La nave arenata sulla riva aspettava d'essere portata al rifugio che custodisce le imbarcazioni reduci da sinistri, prima d'essere spogliata dai container letali. Caso volle, invece, che rimase insabbiata per giorni, così com'era, a piangere veleno, in memoria di un accaduto senza senso. Le perizie declamarono che la causa della tragedia fu un errore umano e tutto si limitò a questo. Solo i giornalisti continuarono a scriverci sopra, sostituendo quel mare infinito con un oceano d'inchiostro, indossando colpa a coloro che ne erano privi, dando per morto chi era vivo, dando per vivo un disperso qualunque. Della immane tragedia non rimasero che articoli poetici, corsivi d'opinionisti ipocriti, titoli dai caratteri cubitali, necrologi di persone non ancora decedute, qualche croce di troppo, un Ave Maria, qualche Pater Nostro, e la nave che sprigionava veleno.
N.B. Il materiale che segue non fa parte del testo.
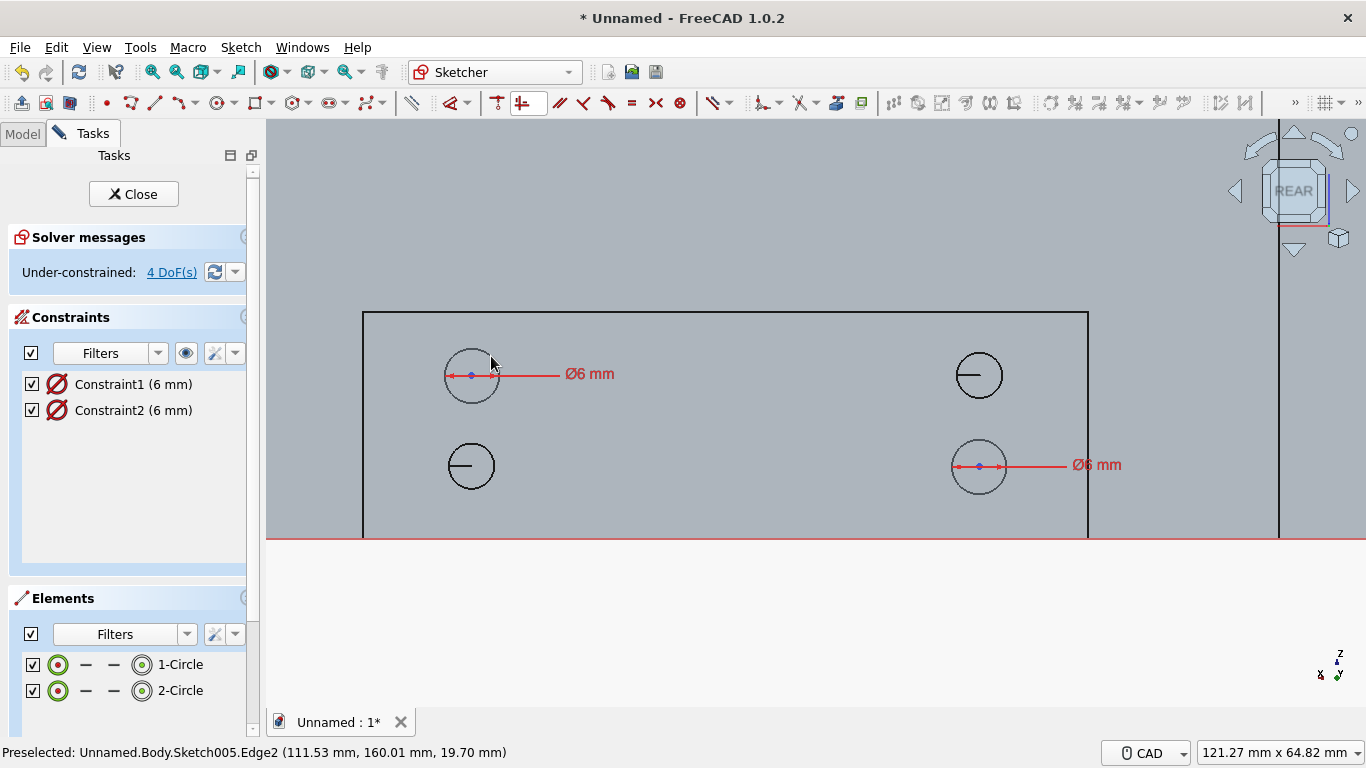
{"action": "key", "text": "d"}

Tragedia stamani a largo del mar Tirreno, una nave, che trasportava persone e container contenenti sostanze chimiche, si è scontrata a prua con una vecchia petroliera proveniente dal porto di Genova. L'imbarco sembra che stia per inabissarsi, mentre la petroliera, subito dopo la collisione, ha preso fuoco. I soccorsi, provenienti da varie zone costiere della Toscana e della Liguria, sono giunti tempestivamente sul luogo dell'accaduto. Secondo le stime a bordo della nave ci sarebbero state, al momento della tragedia, più di centocinquanta persone, la maggior parte rimaste ferite. Durante il sopralluogo dei soccorsi, i deceduti sarebbero stati portati a riva per il riconoscimento d'identità. Purtroppo, da quanto emerge, molti sarebbero i dispersi, perlopiù senza un'identità conosciuta. La carcassa della nave è stata portata a riva, in attesa d'essere trasportata al rifugio. Tuttavia, il dramma non sembra essersi concluso. La nave trasportava, infatti, container di sostanze velenose che a causa della collisione in parte si sono disperse in mare. La capitaneria di porto ha vietato ogni tipo di transito per circa una decina di chilometri dal teatro della tragedia. Persino il tratto di spiaggia dove adesso si trova la nave è stato recintato. E' vietato severamente avvicinarsi alla carcassa e tanto meno inoltrarsi a nuoto o su imbarcazioni nel tratto di mare segnalato. Il pericolo di un disastro ambientale è in agguato, tanto che neppure gli addetti ai lavori, i biologi consultati, gli scienziati chimici se la sentano di pronunciarsi sugli effetti che potrebbero verificarsi. L'unica speranza e che gli addetti trasportino il prima possibile la carcassa della nave che, ancor munita dei container, non solo riposa sulla riva ma sembra sprigionare veleno.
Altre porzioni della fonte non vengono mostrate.